The present case study investigated the potential of the Common European
Framework of Reference (CEFR) for languages: learning, teaching, assessment
can-do descriptors for mediation in an English for Specific Purposes (ESP)
Computer-Assisted Language Learning (CALL)-based context. Fabricating
descriptors for mediation was cardinal for the Council of Europe’s (2018)
endeavour in updating the CEFR Companion. Despite surfacing just as a
language skill in the 2001 CEFR Companion, mediation is now viewed as a
central mode of communication in the New CEFR Companion, both in the
receptive and productive modes. As they were just introduced in 2018, the
CEFR mediation descriptor scales have not yet been sufficiently explored.
The main goal of the present research was to fill some of this gap in the
literature by investigating the potential of the CEFR for languages
descriptors for mediation in an ESP CALL-based CEFR B2 tertiary level
context (a 13 week ESP course specifically designed to meet the needs of
university Rehabilitation Sciences students.) Data collection tools included
students’ self-assessment against can-do descriptors for mediation,
observation, student reflections, and focus group interviews.

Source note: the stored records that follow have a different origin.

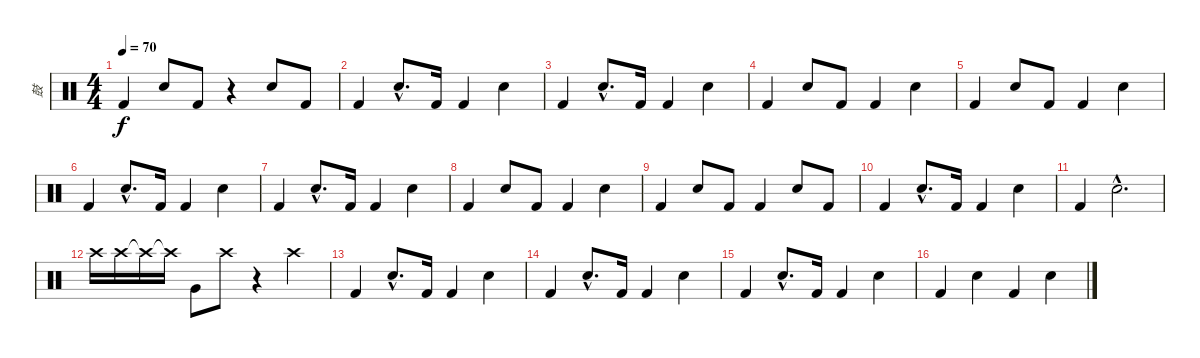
\track ("鼓" "鼓") {instrument percussion}
\staff {score}
\articulation defaults
\ts (4 4)
\tempo 70
\clef neutral
\ks c "Kick (hit) 2".4{dy f} "Electric Snare (hit)".8 "Kick (hit) 2".8
r.4 "Electric Snare (hit)".8 "Kick (hit) 2".8 |
"Kick (hit) 2".4 "Electric Snare (hit)"{hac}.8{d} "Kick (hit) 2".16 "Kick (hit) 2".4 "Electric Snare (hit)".4 |
"Kick (hit) 2".4 "Electric Snare (hit)"{hac}.8{d} "Kick (hit) 2".16 "Kick (hit) 2".4 "Electric Snare (hit)".4 |
"Kick (hit) 2".4 "Electric Snare (hit)".8 "Kick (hit) 2".8 "Kick (hit) 2".4 "Electric Snare (hit)".4 |
"Kick (hit) 2".4 "Electric Snare (hit)".8 "Kick (hit) 2".8 "Kick (hit) 2".4 "Electric Snare (hit)".4 |
"Kick (hit) 2".4 "Electric Snare (hit)"{hac}.8{d} "Kick (hit) 2".16 "Kick (hit) 2".4 "Electric Snare (hit)".4 |
"Kick (hit) 2".4 "Electric Snare (hit)"{hac}.8{d} "Kick (hit) 2".16 "Kick (hit) 2".4 "Electric Snare (hit)".4 |
"Kick (hit) 2".4 "Electric Snare (hit)".8 "Kick (hit) 2".8 "Kick (hit) 2".4 "Electric Snare (hit)".4 |
"Kick (hit) 2".4 "Electric Snare (hit)".8 "Kick (hit) 2".8 "Kick (hit) 2".4 "Electric Snare (hit)".8 "Kick (hit) 2".8 |
"Kick (hit) 2".4 "Electric Snare (hit)"{hac}.8{d} "Kick (hit) 2".16 "Kick (hit) 2".4 "Electric Snare (hit)".4 |
"Kick (hit) 2".4 "Electric Snare (hit)"{hac}.2{d} |
"Crash high (hit)".16 "Crash high (hit)".16 "Crash high (hit)"{t}.16 "Crash high (hit)"{t}.16 "Very Low Tom (hit)".8 "Crash high (hit)".8 r.4 "Crash high (hit)".4 |
"Kick (hit) 2".4 "Electric Snare (hit)"{hac}.8{d} "Kick (hit) 2".16 "Kick (hit) 2".4 "Electric Snare (hit)".4 |
"Kick (hit) 2".4 "Electric Snare (hit)"{hac}.8{d} "Kick (hit) 2".16 "Kick (hit) 2".4 "Electric Snare (hit)".4 |
"Kick (hit) 2".4 "Electric Snare (hit)"{hac}.8{d} "Kick (hit) 2".16 "Kick (hit) 2".4 "Electric Snare (hit)".4 |
"Kick (hit) 2".4 "Electric Snare (hit)".4 "Kick (hit) 2".4 "Electric Snare (hit)".4

The findings
suggest that the implementation of the existing course activities had the
potential to promote mediation processes. The significant role of mediation
in carrying out the course activities in addition to the CALL component of
the ESP course activities highlighted the potential of CALL technologies to
trigger, support, and promote mediation processes; this finding stressed the
underlying role of the nature and the structure of the ESP course’s
CALL-Based activities in supporting mediation processes.